Because the convenience I would gain (i.e. being able to access
work-related files, MP3s, etc. without circumventing or bending ANY
corporate "thou shalt not install anything" poolicies) would outweigh any
miniscule risks?

>
> >>Spend a little time and set up a vpn endpoint on your box and just
> >>forward the necessary ports over, i think openvpn is 5000.  You'll be
> >>much happier, sane, and protected as such.
> >
> >
> > And I will make use of this on client machines with strict "Thou Shalt Not
> > Install any Unauthorized Software" policies... how?
>
> wait. you have such a restrictive security policy (which you are
> obviously willing to respect), and at the same time you want to bypass
> the most basic security precautions by tunnelling the living shit out of
> the firewall and having unprotected smb over the internet?
> sorry, but this does not make sense at all.

You're confusing the sides of the firewall.
The restrictive security policies are on the side of the clients I work
for.
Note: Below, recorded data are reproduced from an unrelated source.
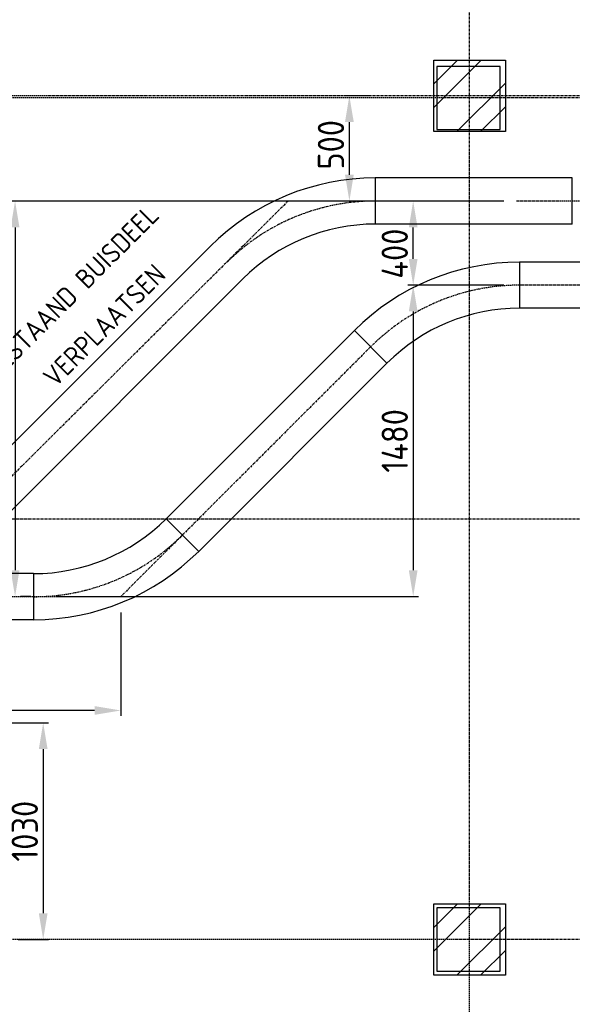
# Model space of a CAD drawing. Header units: metres. Extents: x -82085 to 58758, y -66901 to 95305.
# Tile 16 of 135: x 18154 to 20780, y -61398 to -56718. Entities that reach past the tile are written whole.
import ezdxf
from ezdxf.enums import TextEntityAlignment as Align

# ---------------------------------------------------------------- set-up
doc = ezdxf.new("R2010")
doc.units = ezdxf.units.M
doc.header["$MEASUREMENT"] = 0
doc.header["$PDSIZE"] = -1
doc.linetypes.add('CENTER-LN', pattern=[19, 10, -3, 3, -3])
doc.layers.get('0').update_dxf_attribs({"linetype": 'CONTINUOUS'})
doc.layers.get('DEFPOINTS').update_dxf_attribs({"linetype": 'CONTINUOUS'})
for name, color, linetype in [('3', 3, 'CONTINUOUS'), ('ARCERING', 10, 'CONTINUOUS'), ('CL', 1, 'CENTER-LN'), ('DIM', 10, 'CONTINUOUS'), ('GEBOUW', 7, 'CONTINUOUS'), ('TEXT2', 7, 'CONTINUOUS')]:
    doc.layers.add(name, color=color, linetype=linetype)
doc.styles.add('ROMANS', font='iso.shx')
doc.styles.get("Standard").update_dxf_attribs({"font": 'iso.shx'})
doc.dimstyles.get("Standard").update_dxf_attribs({"dimtxt": 0.18, "dimasz": 0.18, "dimexe": 0.18, "dimexo": 0.0625, "dimgap": 0.09, "dimtad": 0, "dimtih": 1, "dimtoh": 1, "dimdec": 4, "dimzin": 0, "dimdsep": 46, "dimtxsty": 'Standard', "dimcen": 0.09, "dimadec": 0, "dimazin": 0, "dimtfac": 1, "dimtdec": 4, "dimtofl": 0, "dimtmove": 0, "dimatfit": 3, "dimfxl": 1, "dimtolj": 1, "dimtzin": 0, "dimarcsym": 0})

# ---------------------------------------------------------------- blocks, each defined once
blk = doc.blocks.new('*D538')
at = {"layer": 'DEFPOINTS', "color": 0, "transparency": 16777216}
for p in [(17614.7, -60060.2), (18071.7, -61090.2), (18265.5, -61090.2)]:
    blk.add_point(p, dxfattribs=at)
at = {"layer": 'DIM', "color": 0, "lineweight": -2, "transparency": 16777216}
for p, q in [((17689.7, -60060.2), (18290.5, -60060.2)), ((18265.5, -60185.2), (18265.5, -60965.2)), ((18146.7, -61090.2), (18290.5, -61090.2))]:
    blk.add_line(p, q, dxfattribs=at)
at = {"layer": 'DIM', "color": 0, "transparency": 16777216}
for points in [[(18244.7, -60185.2), (18286.3, -60185.2), (18265.5, -60060.2)], [(18244.7, -60965.2), (18286.3, -60965.2), (18265.5, -61090.2)]]:
    blk.add_solid(points, dxfattribs=at)
at = {"layer": 'DIM', "color": 0, "transparency": 16777216, "insert": (18178, -60575.2), "char_height": 125, "attachment_point": 5, "rotation": 90}
blk.add_mtext('\\A1;1030', dxfattribs=at)
blk = doc.blocks.new('*D545')
at = {"layer": 'DEFPOINTS', "color": 0, "transparency": 16777216}
for p in [(20514.4, -57580.2), (18131.9, -59460.2), (18131.9, -59460.2)]:
    blk.add_point(p, dxfattribs=at)
at = {"layer": 'DIM', "color": 0, "lineweight": -2, "transparency": 16777216}
for p, q in [((20439.4, -57580.2), (18106.9, -57580.2)), ((18131.9, -57705.2), (18131.9, -59335.2)), ((18206.9, -59460.2), (18156.9, -59460.2))]:
    blk.add_line(p, q, dxfattribs=at)
at = {"layer": 'DIM', "color": 0, "transparency": 16777216}
for points in [[(18111, -57705.2), (18152.7, -57705.2), (18131.9, -57580.2)], [(18111, -59335.2), (18152.7, -59335.2), (18131.9, -59460.2)]]:
    blk.add_solid(points, dxfattribs=at)
at = {"layer": 'DIM', "color": 0, "transparency": 16777216, "insert": (18044.4, -58520.2), "char_height": 125, "attachment_point": 5, "rotation": 90}
blk.add_mtext('\\A1;1880', dxfattribs=at)
blk = doc.blocks.new('*D550')
at = {"layer": 'DEFPOINTS', "color": 0, "transparency": 16777216}
for p in [(19720.4, -57080.2), (19898.1, -57080.2), (20514.4, -57580.2)]:
    blk.add_point(p, dxfattribs=at)
at = {"layer": 'DIM', "color": 0, "lineweight": -2, "transparency": 16777216}
for p, q in [((19823.1, -57080.2), (19695.4, -57080.2)), ((19720.4, -57455.2), (19720.4, -57205.2)), ((20439.4, -57580.2), (19695.4, -57580.2))]:
    blk.add_line(p, q, dxfattribs=at)
at = {"layer": 'DIM', "color": 0, "transparency": 16777216}
for points in [[(19699.6, -57205.2), (19741.3, -57205.2), (19720.4, -57080.2)], [(19699.6, -57455.2), (19741.3, -57455.2), (19720.4, -57580.2)]]:
    blk.add_solid(points, dxfattribs=at)
at = {"layer": 'DIM', "color": 0, "transparency": 16777216, "insert": (19632.9, -57312.9), "char_height": 125, "attachment_point": 5, "rotation": 90}
blk.add_mtext('\\A1;500', dxfattribs=at)
blk = doc.blocks.new('*X464')
at = {"color": 0}
for p, q in [((40231.5, 69192.8, 3239), (40344.3, 69305.6, 3239)), ((40231.5, 69080.6, 3239), (40456.5, 69305.6, 3239)), ((40341, 68965.6, 3239), (40571.5, 69196.1, 3239)), ((40453.3, 68965.6, 3239), (40571.5, 69083.8, 3239))]:
    blk.add_line(p, q, dxfattribs=at)
blk = doc.blocks.new('*D544')
at = {"layer": 'DEFPOINTS', "color": 0, "transparency": 16777216}
for p in [(18634.4, -59460.2), (17047.3, -59647.7), (17047.3, -60001.3)]:
    blk.add_point(p, dxfattribs=at)
at = {"layer": 'DIM', "color": 0, "lineweight": -2, "transparency": 16777216}
for p, q in [((18634.4, -59535.2), (18634.4, -60026.3)), ((17047.3, -59722.7), (17047.3, -60026.3)), ((18509.4, -60001.3), (17172.3, -60001.3))]:
    blk.add_line(p, q, dxfattribs=at)
at = {"layer": 'DIM', "color": 0, "transparency": 16777216}
for points in [[(17172.3, -59980.5), (17172.3, -60022.2), (17047.3, -60001.3)], [(18509.4, -59980.5), (18509.4, -60022.2), (18634.4, -60001.3)]]:
    blk.add_solid(points, dxfattribs=at)
at = {"layer": 'DIM', "color": 0, "transparency": 16777216, "insert": (17840.8, -59913.8), "char_height": 125, "attachment_point": 5}
blk.add_mtext('\\A1;1587', dxfattribs=at)
blk = doc.blocks.new('*D552')
at = {"layer": 'DEFPOINTS', "color": 0, "transparency": 16777216}
for p in [(20528.6, -57980.2), (18251.7, -59460.2), (20023.6, -59460.2)]:
    blk.add_point(p, dxfattribs=at)
at = {"layer": 'DIM', "color": 0, "lineweight": -2, "transparency": 16777216}
for p, q in [((20453.6, -57980.2), (19998.6, -57980.2)), ((20023.6, -58105.2), (20023.6, -59335.2)), ((18326.7, -59460.2), (20048.6, -59460.2))]:
    blk.add_line(p, q, dxfattribs=at)
at = {"layer": 'DIM', "color": 0, "transparency": 16777216}
for points in [[(20002.8, -58105.2), (20044.5, -58105.2), (20023.6, -57980.2)], [(20002.8, -59335.2), (20044.5, -59335.2), (20023.6, -59460.2)]]:
    blk.add_solid(points, dxfattribs=at)
at = {"layer": 'DIM', "color": 0, "transparency": 16777216, "insert": (19936.1, -58720.2), "char_height": 125, "attachment_point": 5, "rotation": 90}
blk.add_mtext('\\A1;1480', dxfattribs=at)
blk = doc.blocks.new('*D553')
at = {"layer": 'DEFPOINTS', "color": 0, "transparency": 16777216}
for p in [(20023.6, -57580.2), (20528.6, -57580.2), (20528.6, -57980.2)]:
    blk.add_point(p, dxfattribs=at)
at = {"layer": 'DIM', "color": 0, "lineweight": -2, "transparency": 16777216}
for p, q in [((20453.6, -57580.2), (19998.6, -57580.2)), ((20023.6, -57855.2), (20023.6, -57705.2)), ((20453.6, -57980.2), (19998.6, -57980.2))]:
    blk.add_line(p, q, dxfattribs=at)
at = {"layer": 'DIM', "color": 0, "transparency": 16777216}
for points in [[(20002.8, -57705.2), (20044.5, -57705.2), (20023.6, -57580.2)], [(20002.8, -57855.2), (20044.5, -57855.2), (20023.6, -57980.2)]]:
    blk.add_solid(points, dxfattribs=at)
at = {"layer": 'DIM', "color": 0, "transparency": 16777216, "insert": (19936.1, -57830.3), "char_height": 125, "attachment_point": 5, "rotation": 90}
blk.add_mtext('\\A1;400', dxfattribs=at)
blk = doc.blocks.new('Gebouw')
at = {"linetype": 'ByBlock', "lineweight": -2}
for points in [[(-21475, 8275), (-21775, 8275), (-21775, 7975), (-21475, 7975)], [(-21475, 4275), (-21775, 4275), (-21775, 3975), (-21475, 3975)]]:
    blk.add_lwpolyline(points, close=True, dxfattribs=at)

msp = doc.modelspace()

# ---------------------------------------------------------------- linework, layer by layer
at = {"layer": '3'}
for p, q in [((19843.67777, -57470.65241, 3238.98623), (19843.67777, -57689.75241, 3238.98623)), ((20778.67777, -57470.65241, 3238.98623), (19843.67777, -57470.65241, 3238.98623)), ((20778.67777, -57689.75241, 3238.98623), (20778.67777, -57470.65241, 3238.98623)), ((20778.67777, -57689.75241, 3238.98623), (19843.67777, -57689.75241, 3238.98623)), ((19059.10744, -57795.63208, 3238.98623), (17765.25065, -59090.20241, 3238.98623)), ((20978.67777, -57870.65241, 3238.98623), (20528.60688, -57870.65241, 3238.98623)), ((20528.60688, -57870.65241, 3238.98623), (20528.60688, -58089.75241, 3238.98623)), ((17919.82097, -59244.77274, 3238.98623), (19214.03454, -57950.55918, 3238.98623)), ((20978.67777, -58089.75241, 3238.98623), (20528.60688, -58089.75241, 3238.98623)), ((19744.03655, -58195.63208, 3238.98623), (18849.46602, -59090.20241, 3238.98623)), ((19898.91492, -58350.51044, 3238.98623), (19743.98782, -58195.58335, 3238.98623)), ((19004.39311, -59245.1295, 3238.98623), (19898.96365, -58350.55918, 3238.98623)), ((18849.10905, -59090.55918, 3238.98623), (19004.39311, -59245.1295, 3238.98623)), ((18219.82279, -59351.00918, 3238.98623), (17135.25065, -59351.00918, 3238.98623)), ((18219.82279, -59351.00918, 3238.98623), (18219.82279, -59570.10918, 3238.98623)), ((17135.25065, -59569.75241, 3238.98623), (18222.24427, -59569.75241, 3238.98623))]:
    msp.add_line(p, q, dxfattribs=at)
for centre, radius, start, end in [((19843.67777, -58580.20241, 3238.98623), 1109.55, 90, 135), ((19843.67777, -58580.20241, 3238.98623), 890.45, 90, 135), ((20528.60688, -58980.20241, 3238.98623), 1109.55, 90, 135), ((20528.60688, -58980.20241, 3238.98623), 890.45, 90, 135), ((18219.82279, -58460.55918, 3238.98623), 890.45, 270, 315), ((18219.82279, -58460.55918, 3238.98623), 1109.55, 270, 315)]:
    msp.add_arc(centre, radius, start, end, dxfattribs=at)
at = {"layer": 'CL'}
for p, q in [((19429.46421, -57580.20241, 3238.98623), (17835.7705, -59166.91524, 3238.98623)), ((19821.45137, -58273.0469, 3238.98623), (18634.36875, -59460.20241, 3238.98623)), ((15654.68034, -59460.20241, 3238.98623), (18634.39332, -59460.20241, 3238.98623))]:
    msp.add_line(p, q, dxfattribs=at)
for centre, start, end in [((19843.67777, -58580.20241, 3238.98623), 90, 135), ((20528.60688, -58980.20241, 3238.98623), 90, 135), ((18219.62315, -58460.7165, 3238.98623), 270, 315)]:
    msp.add_arc(centre, 1000, start, end, dxfattribs=at)
at = {"layer": 'GEBOUW', "elevation": 3238.98623}
for points in [[(20121.68034, -57250.20241), (20121.68034, -56910.20241), (20461.68034, -56910.20241), (20461.68034, -57250.20241)], [(20121.68034, -61260.20241), (20121.68034, -60920.20241), (20461.68034, -60920.20241), (20461.68034, -61260.20241)]]:
    msp.add_lwpolyline(points, close=True, dxfattribs=at)
at = {"layer": 'TEXT2', "color": 1, "linetype": 'CENTER-LN'}
for p, q in [((20291.68034, -65493.87868, 3238.98623), (20291.68034, -51862.49394, 3238.98623)), ((34416.68034, -57080.20241, 3238.98623), (2791.68034, -57080.20241, 3238.98623)), ((35875.59754, -57090.20241, 3238.98623), (2791.68034, -57090.20241, 3238.98623)), ((25232.13034, -57580.20241, 3238.98623), (20514.39332, -57580.20241, 3238.98623)), ((25717.05944, -57980.20241, 3238.98623), (20528.60688, -57980.20241, 3238.98623)), ((2049.48551, -59090.20241, 3238.98623), (43321.24018, -59090.20241, 3238.98623)), ((42411.62204, -61090.20241, 3238.98623), (2791.68034, -61090.20241, 3238.98623))]:
    msp.add_line(p, q, dxfattribs=at)

# ---------------------------------------------------------------- block references
at = {"layer": 'ARCERING'}
for p in [(-20109.83503, -126215.7939, 3238.98623), (-20109.83503, -130225.7939, 3238.98623)]:
    msp.add_blockref('*X464', p, dxfattribs=at)
at = {"layer": 'GEBOUW'}
msp.add_blockref('Gebouw', (41911.68019, -65215.20575, 3238.98623), dxfattribs=at)

# ---------------------------------------------------------------- texts
at = {"layer": 'GEBOUW', "style": 'ROMANS'}
for s, p in [('BESTAAND BUISDEEL', (18398.60468, -58014.39633, 3238.98623)), ('VERPLAATSEN', (18555.64518, -58171.35027, 3238.98623))]:
    msp.add_text(s, height=93.75, rotation=45, dxfattribs=at).set_placement(p, align=Align.MIDDLE)

# ---------------------------------------------------------------- dimensions: what is measured, and where the dimension line sits
at = {"layer": 'DIM'}
for base, p1, p2, override, picture, middle in [((19720.43648, -57080.20241, 3238.98623), (20514.39332, -57580.20241, 3238.98623), (19898.09624, -57080.20241, 3238.98623), {"dimtxt": 125, "dimasz": 125, "dimexe": 25, "dimexo": 75, "dimgap": 25, "dimtad": 1, "dimtih": 0, "dimtoh": 0, "dimdec": 0, "dimzin": 3, "dimcen": 0, "dimtfac": 0.008, "dimtdec": 0, "dimtmove": 0, "dimtzin": 3}, '*D550', (19720.43648, -57312.91155, 3238.98623)), ((20023.63985, -57580.20241, 3238.98623), (20528.60688, -57980.20241, 3238.98623), (20528.60688, -57580.20241, 3238.98623), {"dimtxt": 125, "dimasz": 125, "dimexe": 25, "dimexo": 75, "dimgap": 25, "dimtad": 1, "dimtih": 0, "dimtoh": 0, "dimdec": 0, "dimzin": 3, "dimcen": 0, "dimtfac": 0.008, "dimtdec": 0, "dimtzin": 3}, '*D553', (20023.63985, -57830.32758, 3238.98623))]:
    dim = msp.add_linear_dim(base=base, p1=p1, p2=p2, angle=90, dimstyle='Standard', override=override, dxfattribs=at)
    dim.commit()
    dim.dimension.update_dxf_attribs({"geometry": picture, "text_midpoint": middle, "dimtype": 160})
for base, p1, p2, override, picture, middle in [((18131.8628, -59460.20241, 3238.98623), (20514.39332, -57580.20241, 3238.98623), (18131.8628, -59460.20241, 3238.98623), {"dimtxt": 125, "dimasz": 125, "dimexe": 25, "dimexo": 75, "dimgap": 25, "dimtad": 1, "dimtih": 0, "dimtoh": 0, "dimdec": 0, "dimzin": 3, "dimcen": 0, "dimtfac": 0.008, "dimtdec": 0, "dimtmove": 0, "dimtzin": 3}, '*D545', (18044.3628, -58520.20241, 3238.98623)), ((20023.63985, -59460.20241, 3238.98623), (20528.60688, -57980.20241, 3238.98623), (18251.68434, -59460.20241, 3238.98623), {"dimtxt": 125, "dimasz": 125, "dimexe": 25, "dimexo": 75, "dimgap": 25, "dimtad": 1, "dimtih": 0, "dimtoh": 0, "dimdec": 0, "dimzin": 3, "dimcen": 0, "dimtfac": 0.008, "dimtdec": 0, "dimtzin": 3}, '*D552', (19936.13985, -58720.20241, 3238.98623)), ((18265.49148, -61090.20241, 3238.98623), (17614.68034, -60060.20241, 3238.98623), (18071.68034, -61090.20241, 3238.98623), {"dimtxt": 125, "dimasz": 125, "dimexe": 25, "dimexo": 75, "dimgap": 25, "dimtad": 1, "dimtih": 0, "dimtoh": 0, "dimdec": 0, "dimzin": 3, "dimcen": 0, "dimtfac": 0.008, "dimtdec": 0, "dimtmove": 0, "dimtzin": 3}, '*D538', (18177.99148, -60575.20241, 3238.98623))]:
    dim = msp.add_linear_dim(base=base, p1=p1, p2=p2, angle=90, dimstyle='Standard', override=override, dxfattribs=at)
    dim.commit()
    dim.dimension.update_dxf_attribs({"geometry": picture, "text_midpoint": middle})
dim = msp.add_linear_dim(base=(17047.25065, -60001.33012, 3238.98623), p1=(18634.39332, -59460.20241, 3238.98623), p2=(17047.25065, -59647.70241, 3238.98623), dimstyle='Standard', override={"dimtxt": 125, "dimasz": 125, "dimexe": 25, "dimexo": 75, "dimgap": 25, "dimtad": 1, "dimtih": 0, "dimtoh": 0, "dimdec": 0, "dimzin": 3, "dimcen": 0, "dimtfac": 0.008, "dimtdec": 0, "dimtmove": 0, "dimtzin": 3}, dxfattribs=at)
dim.commit()
dim.dimension.update_dxf_attribs({"geometry": '*D544', "text_midpoint": (17840.82198, -59913.83012, 3238.98623)})

doc.saveas('drawing.dxf')

THEIR firewalls are often quite restrictive.

The other side of the equation is my box at home, which has no such
policy.

>
> > I've already set up zero-install Web-based telnet, zero-install Web-based
> > MP3 players... I even concocted a zero-install CygWin workalike and
> > keep it on my keychain USB drive...
>
> just keep putty and winscp on your keychain as well.

Why do that, and leave suspicious entries in the run history, when you can
do it right in the browser?

>
> > now I need a zero-install way to
> > access my files via Windows machines. And that means SMB. NOT OpenVPN,
> > OpenSSH, OpenVMS or any other "Open".
>
> talk to the guy who enforces the security policy at your site. this
> should be worked out in a sane fashion, and your network admin will
> benefit as well by not having to cope rogue tunnels and other weird stuff.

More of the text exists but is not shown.